▼

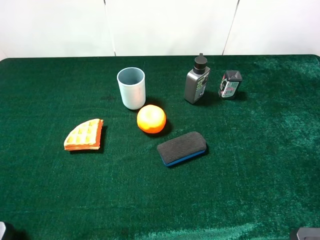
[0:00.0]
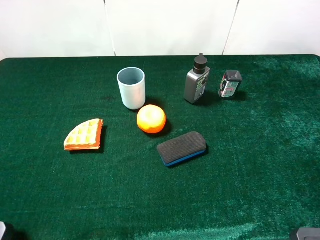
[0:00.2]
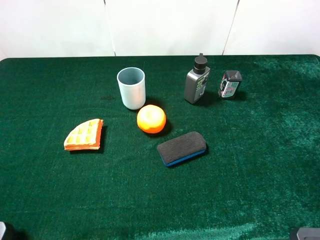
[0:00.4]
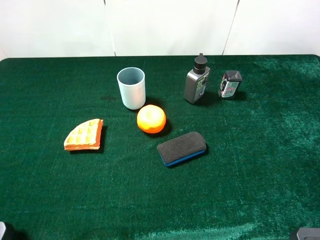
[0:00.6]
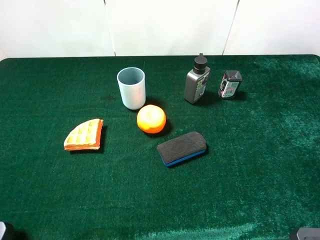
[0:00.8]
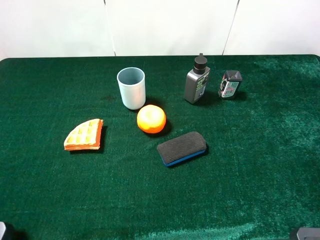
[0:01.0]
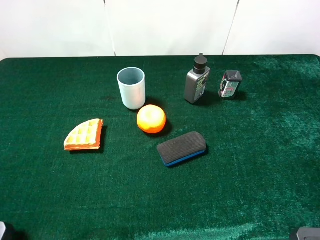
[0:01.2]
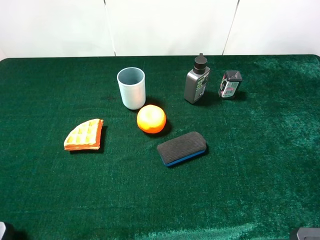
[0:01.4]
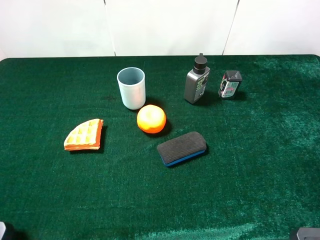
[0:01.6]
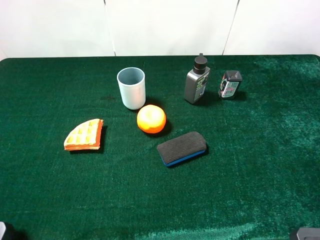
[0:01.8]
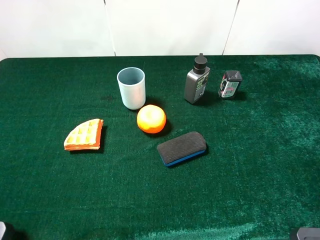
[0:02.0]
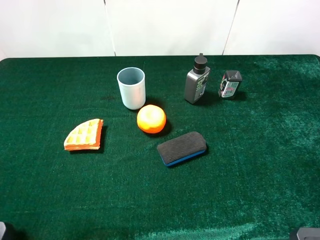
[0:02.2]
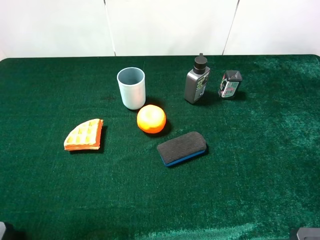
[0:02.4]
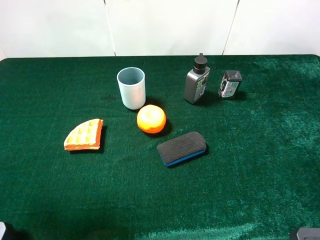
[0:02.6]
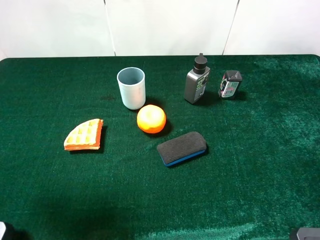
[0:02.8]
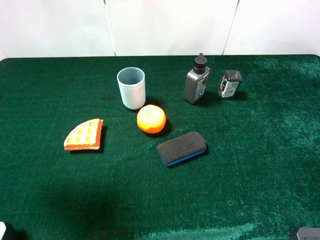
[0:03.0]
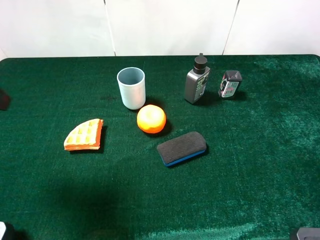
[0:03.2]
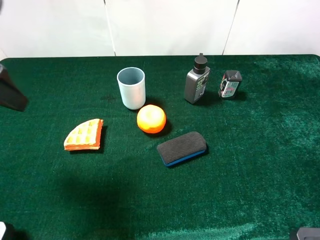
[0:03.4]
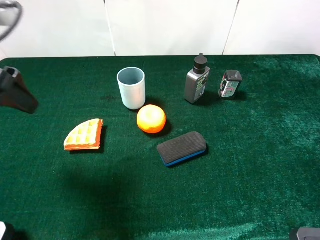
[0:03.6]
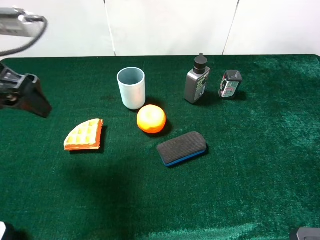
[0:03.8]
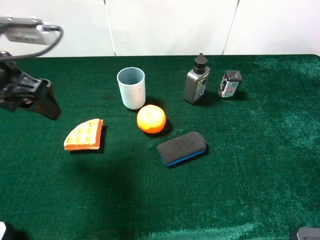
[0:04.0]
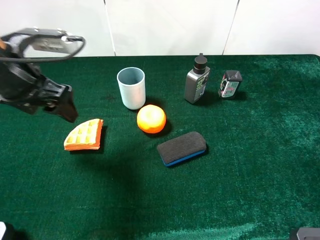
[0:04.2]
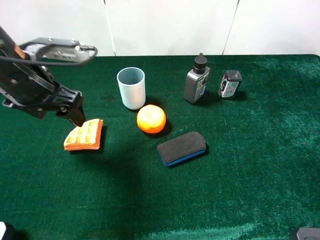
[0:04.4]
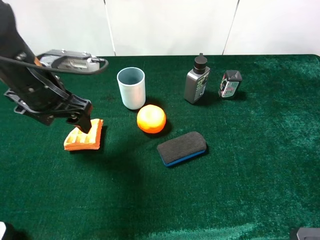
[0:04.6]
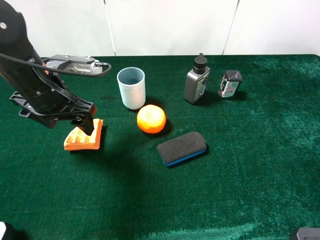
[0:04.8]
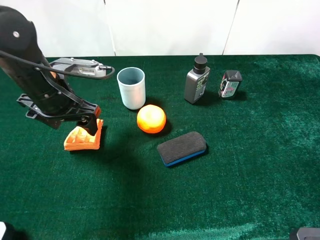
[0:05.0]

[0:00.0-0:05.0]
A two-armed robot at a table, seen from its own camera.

▲

◆ **Work task**
Without the pictures, reproduce every record exactly as it appears above.

◆ **Task solution**
[0:00.0]
[0:00.2]
[0:00.4]
[0:00.6]
[0:00.8]
[0:01.0]
[0:01.2]
[0:01.4]
[0:01.6]
[0:01.8]
[0:02.0]
[0:02.2]
[0:02.4]
[0:02.6]
[0:02.8]
[0:03.0]
[0:03.2]
[0:03.4]
[0:03.6]
[0:03.8]
[0:04.0]
[0:04.2]
[0:04.4]
[0:04.6]
[0:04.8]
[0:05.0]

[0:00.0-0:05.0]
A two-armed robot at a table, seen from its own camera.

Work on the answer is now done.